The agentic AI platform wars are at full swing, and today, Google and Google Cloud are launching Gemini Enterprise, a one-stop, full-stack platform that can integrate across an entire business or enterprise. The platform unites multiple mature components, including: the latest Gemini models to research any task; a no-code workbench which can be used to orchestrate tasks and automation processes by any user; a pre-built repertoire of Google Agents that can be further customized for local business needs; and an entire data connectivity layer that securely understands a company’s data, wherever it is housed. All of this is managed by a centralized governance framework that gives organizations the ability to easily track, audit and secure their agents in one place.

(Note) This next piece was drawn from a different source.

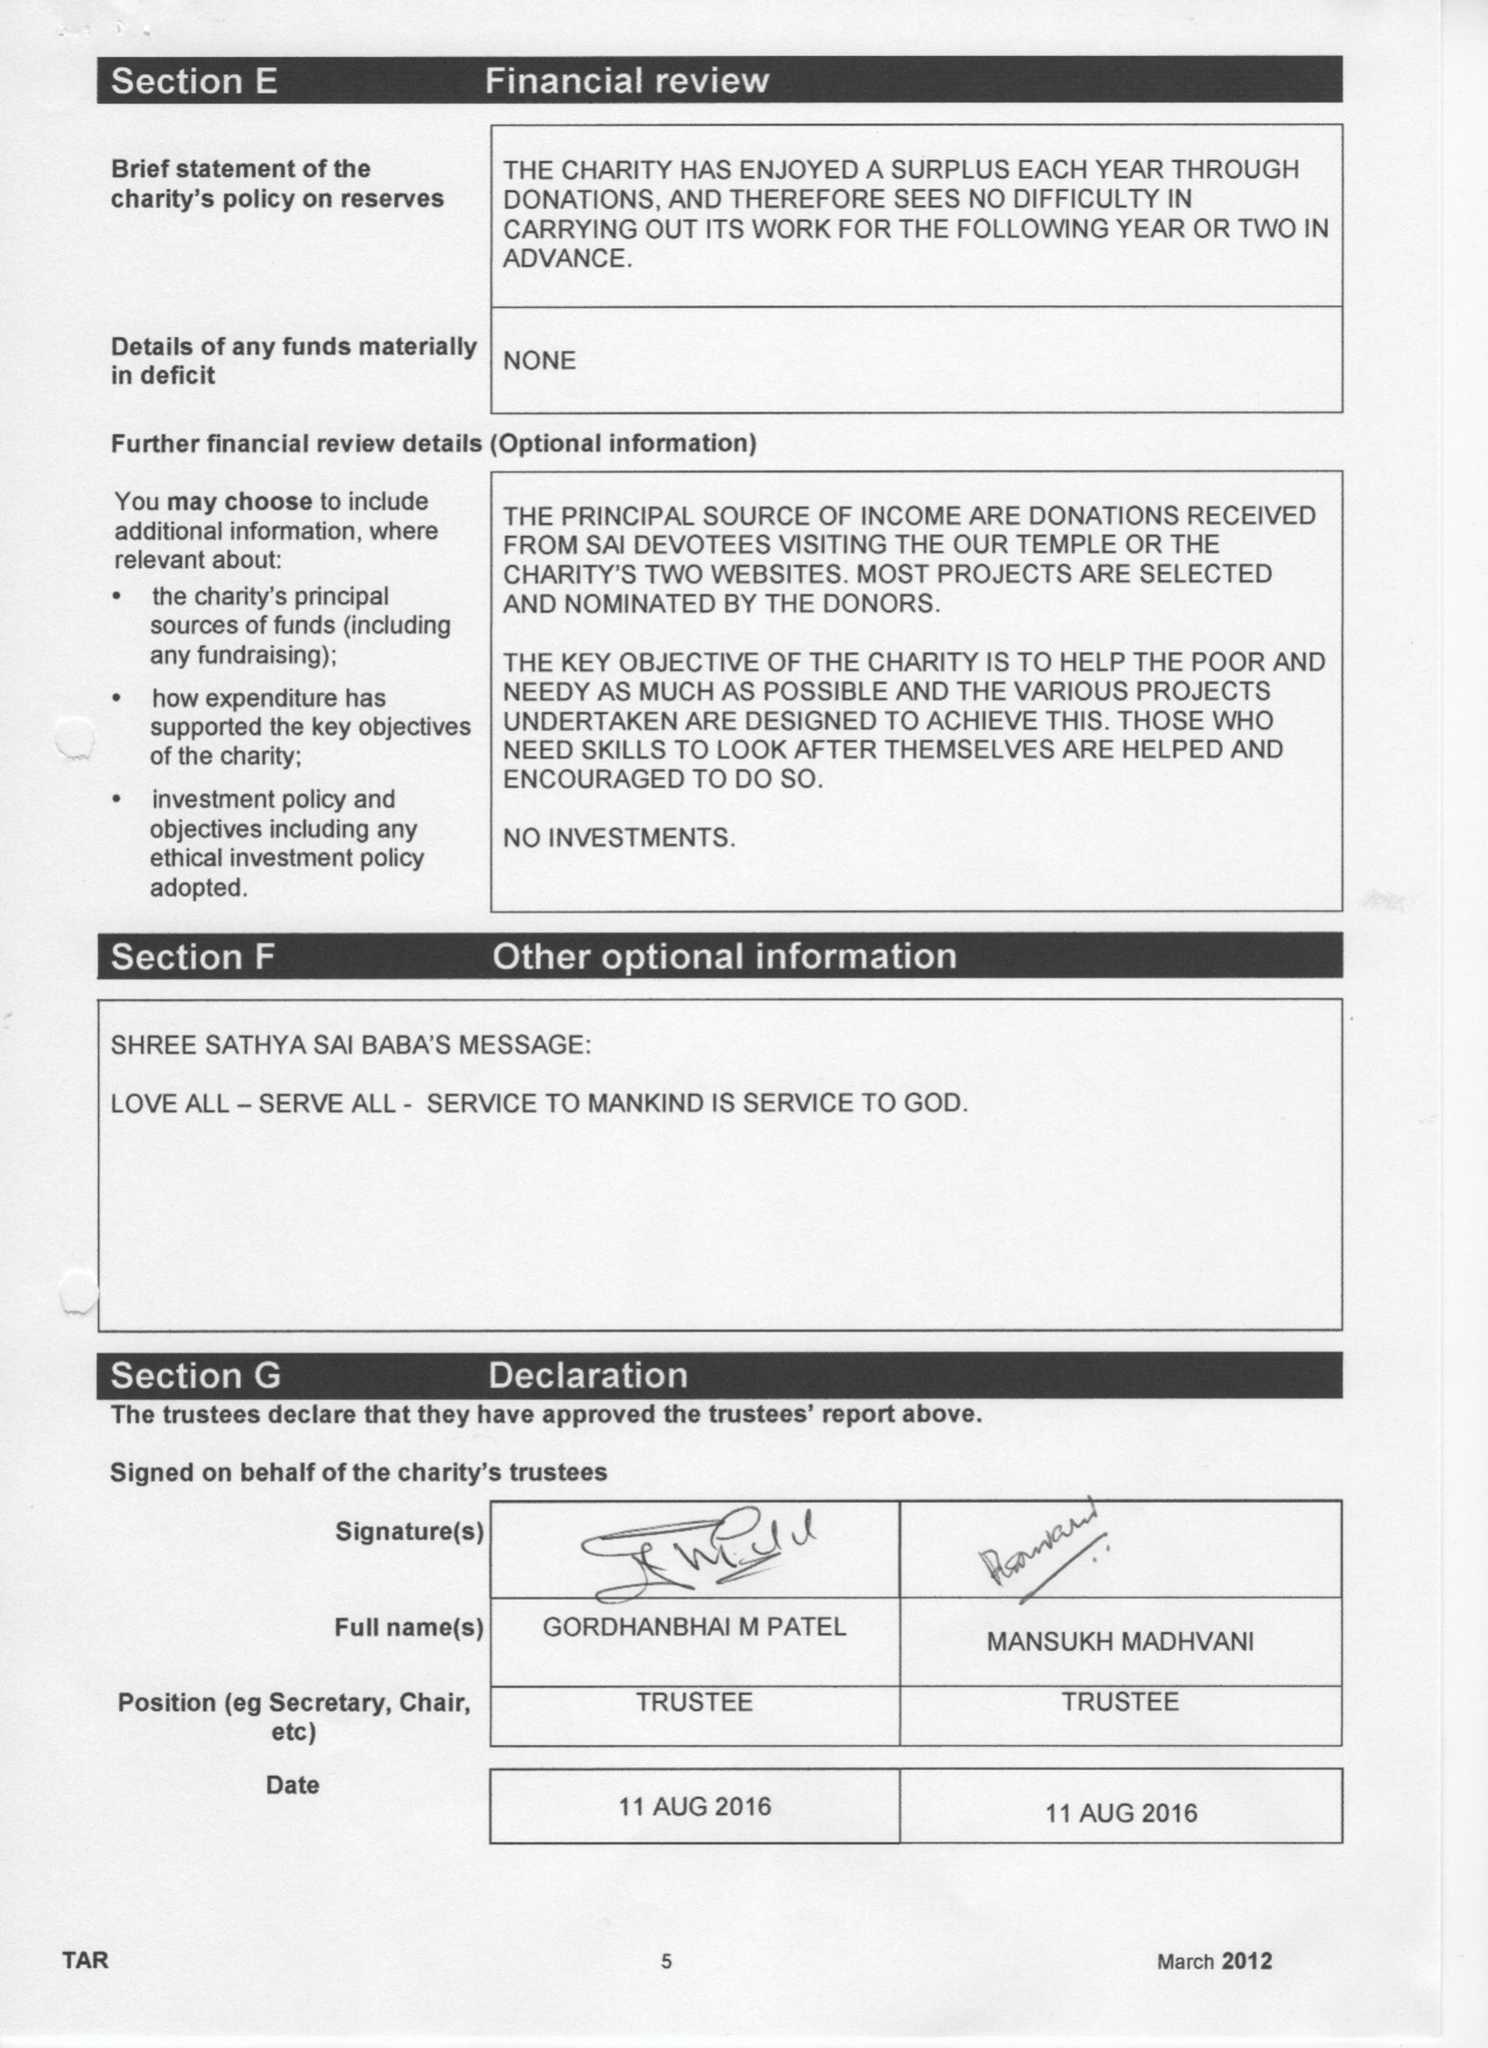What is the value for the income_annually_in_british_pounds?
Answer the question using a single word or phrase. 104599.00 
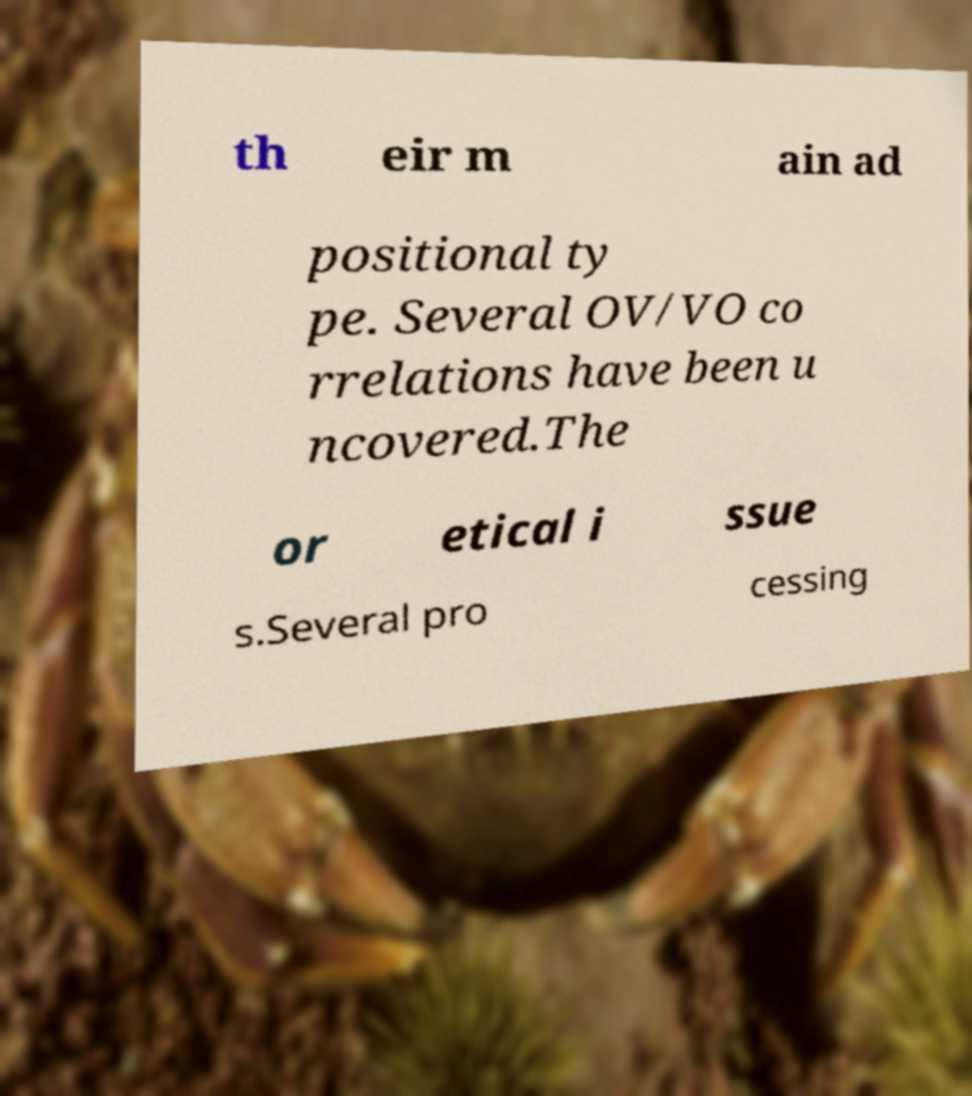Could you extract and type out the text from this image? th eir m ain ad positional ty pe. Several OV/VO co rrelations have been u ncovered.The or etical i ssue s.Several pro cessing

Why is this important? Because there has never been a more important time for the use of agents in the workplace. What was previously Google’s Agentspace ecosystem has now been rolled into Enterprise so that the technology can be used synchronously with a business’ core processes and data.
This is particularly useful in healthcare and life-sciences, where these agents can often act as massive time-saving additions and significantly augment workflows and processes. Shweta Maniar, global director of healthcare and life sciences at Google Cloud, explains that agentic AI is a game-changer. Especially when it comes to incredibly complex tasks such as regulatory reviews, there is a lot of scope for this technology. For example, life sciences companies currently spend a significant amount of time submitting applications to regulatory bodies. Despite the incredible amount of time spent, these submissions often entail errors, quality inconsistencies and mistakes that can cause monumental delays. Maniar describes how using orchestration agents can significantly enhance the process by reviewing guidelines, understanding past successful submissions, and parsing across different data sources and documents to create a much better submission that can avoid delays. She also explains that with this, “there is a significant opportunity to actually empower individuals to spend their time doing more high-quality work, rather than routine or monotonous tasks. This is the power of this technology—to give people the gift of time and satisfaction.”
Importantly, Google has ensured that all of their tools in this space are completely auditable and trackable, and certainly rely on human input to finalize results. Maniar emphasizes that keeping a human-in-the-loop is one of the most important aspects of all of this to ensure high-quality and safe results.
This has been a major topic of discussion in recent months, especially as 2025 has been the year of agentic workflows. The research community has experessed concern that although agents have significant potential to create numerous workflow benefits, real-time benchmarks to assess their efficacy and outputs are required, especially if they are being used in crucial industries such as healthcare.
A recent study in NEJM AI described one group’s solution to this exact concern: a virtual EHR environment, called MedAgentBench, to impartially benchmark medical LLM agents. The group explains that the reason for their study is because “no standardized benchmark exists for evaluating the agent capabilities of LLMs in medical contexts, which have unique intricacies and highly specialized data (e.g., multiple systems, abbreviations, longitudinal patient records). Robust evaluation is essential for safe AI deployment, but the lack of benchmark datasets hinders agent adoption in health care due to a lack of trust, safety concerns, and regulatory hurdles.”
Another study discusses the use of τ-bench, which has a goal of “emulating dynamic conversations between a user (simulated by language models) and a language agent provided with domain-specific API tools and policy guidelines.” This domain-specific guideline approach is what is necessary to ultimately pressure test agents in very niche specialties.
Indeed, these benchmark studies have become top-of-mind as more companies are entering this space. Earlier this week, OpenAI launched AgentKit, a platform for businesses and users to build and launch their own agentic systems. Claude is innovating in the same space as well.
Why the sudden rush for agents? Because large language models have finally reached a point where many tasks can now be routinely orchestrated by advanced reasoning agents. Virgin Voyage, for example, found that by employing specialized AI agents via Google Cloud, they were able to reduce time spent by their marketing teams by nearly 40%.
In fact, a recent study by McKinsey & Co., found that in certain use cases, embedding AI agents into workflows increased productivity gains nearly 20% to 60% and introduced 30% increases in decision-making speeds.
Therefore, the ROI for organizations to invest in AI agents is slowly becoming clearer, though it may still take time to tangibly measure. Indeed, it is still very much early days for these systems; but, given how fast the technology has progressed already, one thing is certain: it will undoubtedly change the way that industries and societies envision human productivity in the decades to come.